> _What needs to be done_: Within the listing below, please copy exactly the lines between the line holding "table_cell 24 587 [188, 339, 485, 399]" and the line holding "text De staatssecretaris", inclusive.

> _Input data_:
╭──

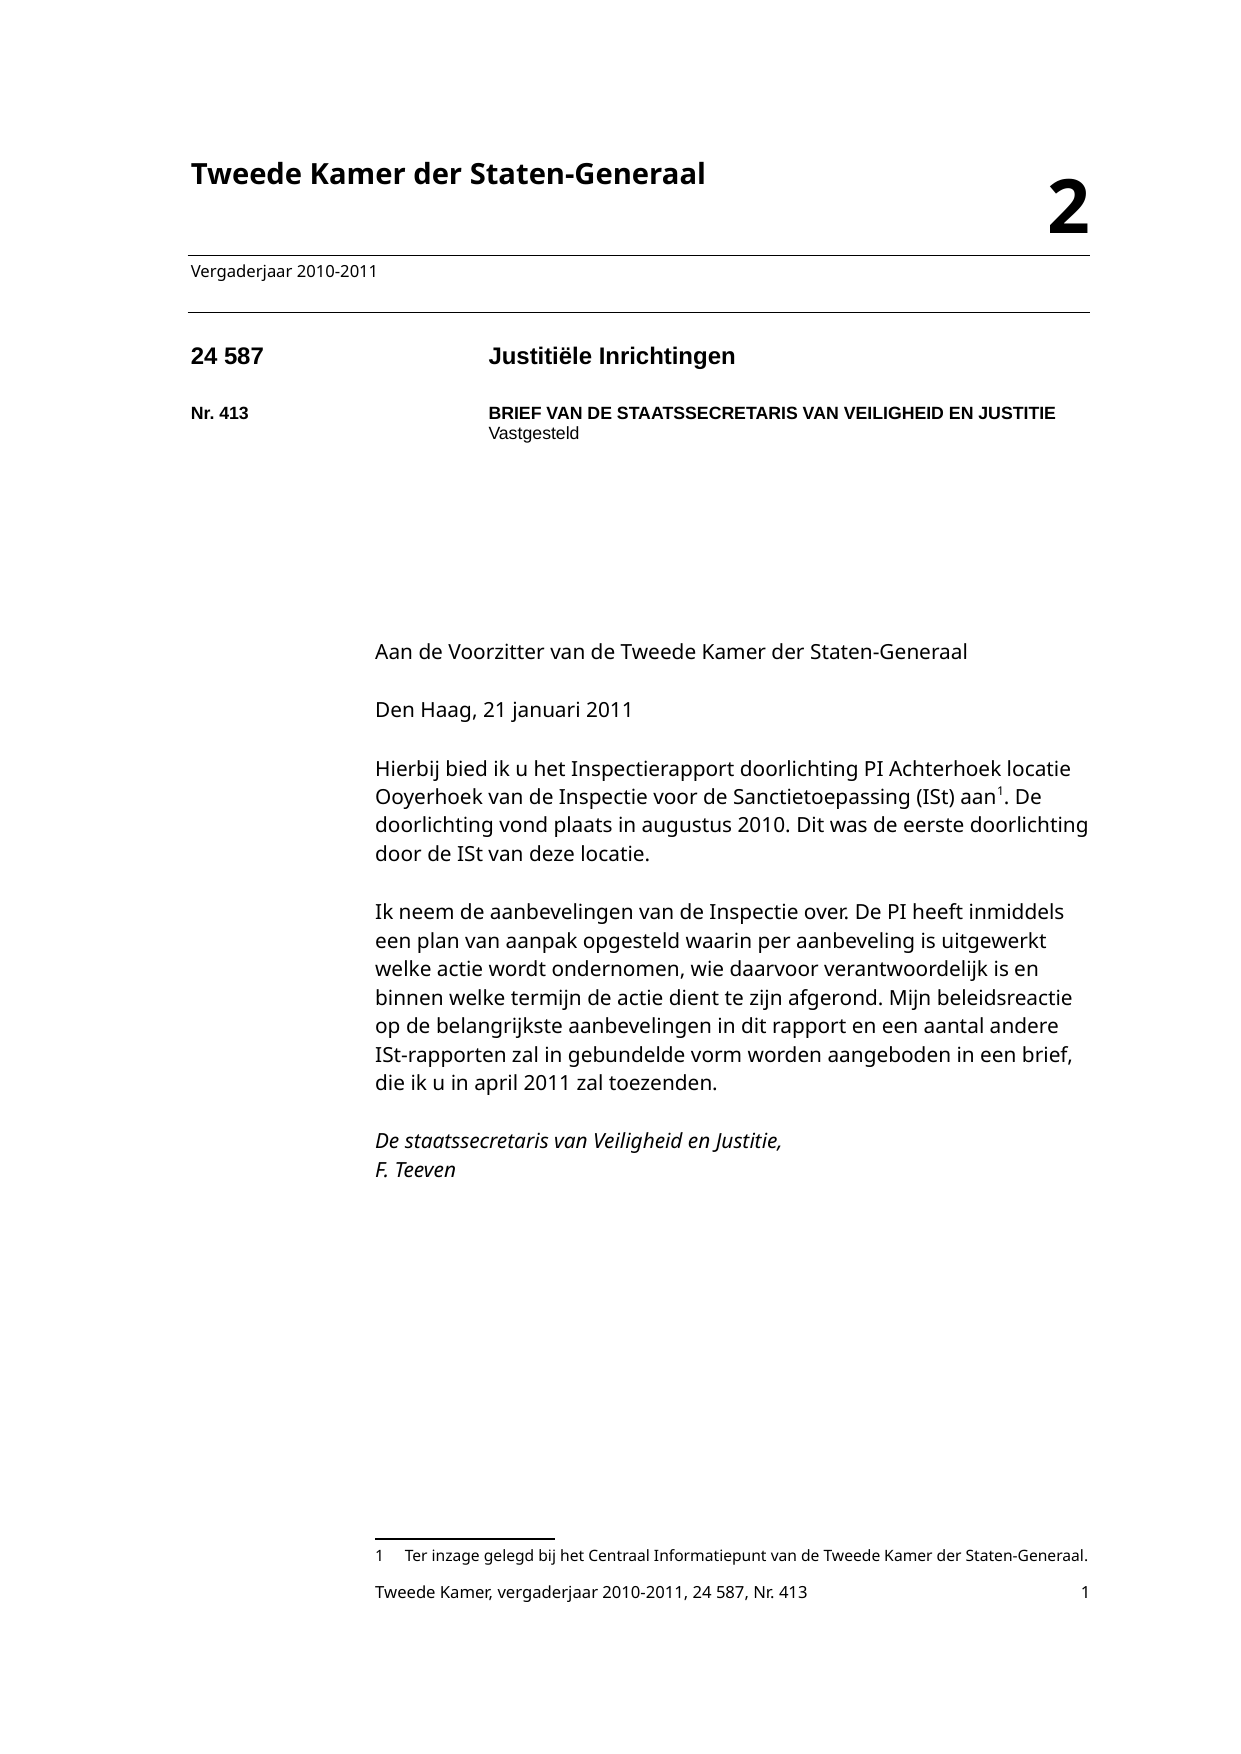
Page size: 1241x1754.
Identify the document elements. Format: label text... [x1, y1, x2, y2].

table_cell Nr. 413 [188, 399, 485, 518]
table_cell 24 587 [188, 339, 485, 399]
table_cell [485, 313, 1090, 339]
table_cell Justitiële Inrichtingen [485, 339, 1090, 399]
text De staatssecretaris van Veiligheid en Justitie, [375, 1127, 1090, 1155]
text Hierbij bied ik u het Inspectierapport doorlichting PI Achterhoek locatie Ooyerhoek van de Inspectie voor de Sanctietoepassing (ISt) aan. De doorlichting vond plaats in augustus 2010. Dit was de eerste doorlichting door de ISt van deze locatie. [375, 754, 1090, 867]
text Den Haag, 21 januari 2011 [375, 695, 1090, 724]
text F. Teeven [375, 1155, 1090, 1183]
table_header 2 [910, 150, 1090, 255]
text Ik neem de aanbevelingen van de Inspectie over. De PI heeft inmiddels een plan van aanpak opgesteld waarin per aanbeveling is uitgewerkt welke actie wordt ondernomen, wie daarvoor verantwoordelijk is en binnen welke termijn de actie dient te zijn afgerond. Mijn beleidsreactie op de belangrijkste aanbevelingen in dit rapport en een aantal andere ISt-rapporten zal in gebundelde vorm worden aangeboden in een brief, die ik u in april 2011 zal toezenden. [375, 897, 1090, 1097]
table_cell [188, 313, 485, 339]
text Ter inzage gelegd bij het Centraal Informatiepunt van de Tweede Kamer der Staten-Generaal. [375, 1509, 1090, 1566]
table_header Tweede Kamer der Staten-Generaal [188, 150, 909, 255]
table_cell [485, 256, 1090, 312]
text Aan de Voorzitter van de Tweede Kamer der Staten-Generaal [375, 637, 1090, 665]
table_cell Vergaderjaar 2010-2011 [188, 256, 485, 312]
table_cell BRIEF VAN DE STAATSSECRETARIS VAN VEILIGHEID EN JUSTITIE Vastgesteld [485, 399, 1090, 518]

╰──

> _Output below_:
table_cell 24 587 [188, 339, 485, 399]
table_cell [485, 313, 1090, 339]
table_cell Justitiële Inrichtingen [485, 339, 1090, 399]
text De staatssecretaris van Veiligheid en Justitie, [375, 1127, 1090, 1155]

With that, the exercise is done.